Healthy Bran Muffin Recipe: Kellogg's All-Bran Cereal - On Sutton Place (4)

How to Roast Almonds

Regular almonds right out of the bag can be used, but it’s especially good if you roast them first. Place 1/4 cup of almonds in a small skillet. Cook over medium heat, shaking the skillet often. The almonds are done when they turn a light brown, and their aroma comes out. Watch closely so they don’t burn!

Variations

  • An equal amount of honey, maple syrup, or molasses can be substituted for the brown sugar.
  • Almond milk or coconut milk are good substitutes for skim milk. I always use 1% milk because it’s what I have on hand. Buttermilk can also be used, but keep in mind it will alter the calories and fat.
  • Any flavor of Craisins can be substituted for the raisins.
  • More add-ins: one ripe banana, the zest of one lemon, a tablespoon of peanut butter, 1/2 cup shredded carrots, 1/2 cup shredded zucchini.
  • If using any additional add-ins, you will have more batter, so be prepared to bake more than 12 muffins.

How to Make

  • Preheat oven to 375 degrees F.
  • Combine all bran cereal and milk. Let sit for 5 minutes.
  • Add brown sugar, egg whites, vanilla and applesauce. Stir all wet ingredients well.
  • In a separate bowl, combine dry ingredients. (Flour, baking soda, cinnamon, salt.) Mix wet ingredients and dry ingredients together.
  • Add raisins and almonds.
  • Scoop batter into prepared muffin tin.
  • Bake for 12 – 15 minutes. Muffins are done when a knife or toothpick inserted in the center comes out clean. Do not overbake!
  • Make sure to watch the muffins towards the end of the baking time. They should not be overbaked. It has taken me quite a bit of trial and error to figure out my new gas oven. It’s hotter in the back, and I have better luck with recipes if I lower the baking temperature five degrees. For these muffins, I set my oven at
    370 degrees F, and baking time was 14 minutes.
  • Serve these muffins with low fat whipped cream cheese or almond butter. (They are totally yummy with real butter, but that definitely defeats the purpose of a healthy muffin!)
  • Pair these muffins with fresh blueberries, raspberries, or strawberries for a healthy and filling breakfast.

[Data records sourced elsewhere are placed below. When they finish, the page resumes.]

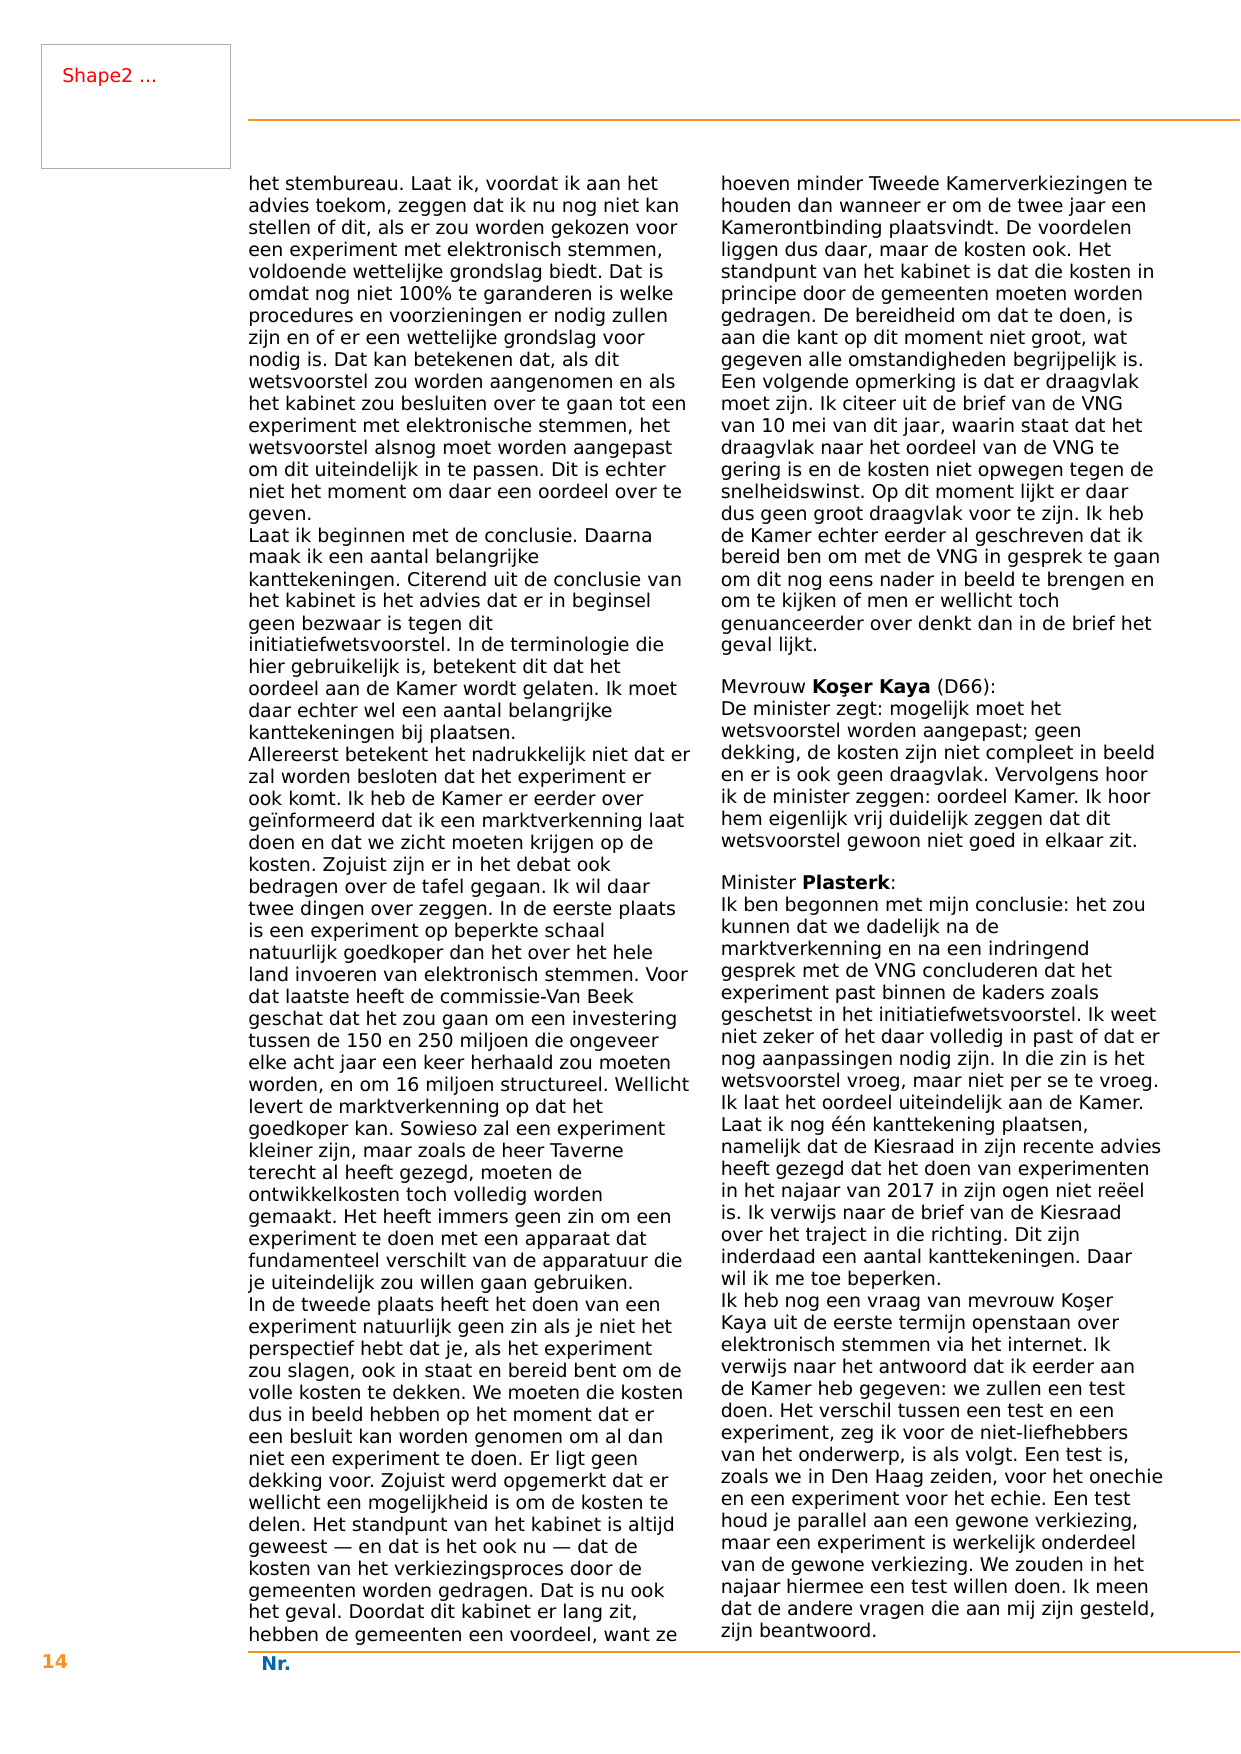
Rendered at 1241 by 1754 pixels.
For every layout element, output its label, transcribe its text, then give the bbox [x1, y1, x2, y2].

text hoeven minder Tweede Kamerverkiezingen te houden dan wanneer er om de twee jaar een Kamerontbinding plaatsvindt. De voordelen liggen dus daar, maar de kosten ook. Het standpunt van het kabinet is dat die kosten in principe door de gemeenten moeten worden gedragen. De bereidheid om dat te doen, is aan die kant op dit moment niet groot, wat gegeven alle omstandigheden begrijpelijk is. [721, 173, 1163, 371]
text Laat ik beginnen met de conclusie. Daarna maak ik een aantal belangrijke kanttekeningen. Citerend uit de conclusie van het kabinet is het advies dat er in beginsel geen bezwaar is tegen dit initiatiefwetsvoorstel. In de terminologie die hier gebruikelijk is, betekent dit dat het oordeel aan de Kamer wordt gelaten. Ik moet daar echter wel een aantal belangrijke kanttekeningen bij plaatsen. [248, 524, 691, 744]
text het stembureau. Laat ik, voordat ik aan het advies toekom, zeggen dat ik nu nog niet kan stellen of dit, als er zou worden gekozen voor een experiment met elektronisch stemmen, voldoende wettelijke grondslag biedt. Dat is omdat nog niet 100% te garanderen is welke procedures en voorzieningen er nodig zullen zijn en of er een wettelijke grondslag voor nodig is. Dat kan betekenen dat, als dit wetsvoorstel zou worden aangenomen en als het kabinet zou besluiten over te gaan tot een experiment met elektronische stemmen, het wetsvoorstel alsnog moet worden aangepast om dit uiteindelijk in te passen. Dit is echter niet het moment om daar een oordeel over te geven. [248, 173, 691, 524]
text In de tweede plaats heeft het doen van een experiment natuurlijk geen zin als je niet het perspectief hebt dat je, als het experiment zou slagen, ook in staat en bereid bent om de volle kosten te dekken. We moeten die kosten dus in beeld hebben op het moment dat er een besluit kan worden genomen om al dan niet een experiment te doen. Er ligt geen dekking voor. Zojuist werd opgemerkt dat er wellicht een mogelijkheid is om de kosten te delen. Het standpunt van het kabinet is altijd geweest — en dat is het ook nu — dat de kosten van het verkiezingsproces door de gemeenten worden gedragen. Dat is nu ook het geval. Doordat dit kabinet er lang zit, hebben de gemeenten een voordeel, want ze [248, 1294, 691, 1645]
text Ik heb nog een vraag van mevrouw Koşer Kaya uit de eerste termijn openstaan over elektronisch stemmen via het internet. Ik verwijs naar het antwoord dat ik eerder aan de Kamer heb gegeven: we zullen een test doen. Het verschil tussen een test en een experiment, zeg ik voor de niet-liefhebbers van het onderwerp, is als volgt. Een test is, zoals we in Den Haag zeiden, voor het onechie en een experiment voor het echie. Een test houd je parallel aan een gewone verkiezing, maar een experiment is werkelijk onderdeel van de gewone verkiezing. We zouden in het najaar hiermee een test willen doen. Ik meen dat de andere vragen die aan mij zijn gesteld, zijn beantwoord. [721, 1290, 1163, 1641]
text De minister zegt: mogelijk moet het wetsvoorstel worden aangepast; geen dekking, de kosten zijn niet compleet in beeld en er is ook geen draagvlak. Vervolgens hoor ik de minister zeggen: oordeel Kamer. Ik hoor hem eigenlijk vrij duidelijk zeggen dat dit wetsvoorstel gewoon niet goed in elkaar zit. [721, 698, 1163, 852]
text Ik ben begonnen met mijn conclusie: het zou kunnen dat we dadelijk na de marktverkenning en na een indringend gesprek met de VNG concluderen dat het experiment past binnen de kaders zoals geschetst in het initiatiefwetsvoorstel. Ik weet niet zeker of het daar volledig in past of dat er nog aanpassingen nodig zijn. In die zin is het wetsvoorstel vroeg, maar niet per se te vroeg. Ik laat het oordeel uiteindelijk aan de Kamer. [721, 894, 1163, 1114]
text Mevrouw Koşer Kaya (D66): [721, 676, 1163, 698]
text Allereerst betekent het nadrukkelijk niet dat er zal worden besloten dat het experiment er ook komt. Ik heb de Kamer er eerder over geïnformeerd dat ik een marktverkenning laat doen en dat we zicht moeten krijgen op de kosten. Zojuist zijn er in het debat ook bedragen over de tafel gegaan. Ik wil daar twee dingen over zeggen. In de eerste plaats is een experiment op beperkte schaal natuurlijk goedkoper dan het over het hele land invoeren van elektronisch stemmen. Voor dat laatste heeft de commissie-Van Beek geschat dat het zou gaan om een investering tussen de 150 en 250 miljoen die ongeveer elke acht jaar een keer herhaald zou moeten worden, en om 16 miljoen structureel. Wellicht levert de marktverkenning op dat het goedkoper kan. Sowieso zal een experiment kleiner zijn, maar zoals de heer Taverne terecht al heeft gezegd, moeten de ontwikkelkosten toch volledig worden gemaakt. Het heeft immers geen zin om een experiment te doen met een apparaat dat fundamenteel verschilt van de apparatuur die je uiteindelijk zou willen gaan gebruiken. [248, 744, 691, 1294]
text Een volgende opmerking is dat er draagvlak moet zijn. Ik citeer uit de brief van de VNG van 10 mei van dit jaar, waarin staat dat het draagvlak naar het oordeel van de VNG te gering is en de kosten niet opwegen tegen de snelheidswinst. Op dit moment lijkt er daar dus geen groot draagvlak voor te zijn. Ik heb de Kamer echter eerder al geschreven dat ik bereid ben om met de VNG in gesprek te gaan om dit nog eens nader in beeld te brengen en om te kijken of men er wellicht toch genuanceerder over denkt dan in de brief het geval lijkt. [721, 371, 1163, 656]
text Minister Plasterk: [721, 872, 1163, 894]
text Laat ik nog één kanttekening plaatsen, namelijk dat de Kiesraad in zijn recente advies heeft gezegd dat het doen van experimenten in het najaar van 2017 in zijn ogen niet reëel is. Ik verwijs naar de brief van de Kiesraad over het traject in die richting. Dit zijn inderdaad een aantal kanttekeningen. Daar wil ik me toe beperken. [721, 1114, 1163, 1290]

Frequently Asked Questions

Are bran muffins a good source of fiber?

Yes! As written, this bran muffin recipe is packed with fiber. To increase the fiber content even more, make sure to use whole wheat flour, and add shredded zucchini.

Can you freeze bran muffins?

Yes! These muffins freeze really well. Just place them in a freezer-safe container, or a resealable freezer bag. Make sure to mark the date…they should be eaten within three months.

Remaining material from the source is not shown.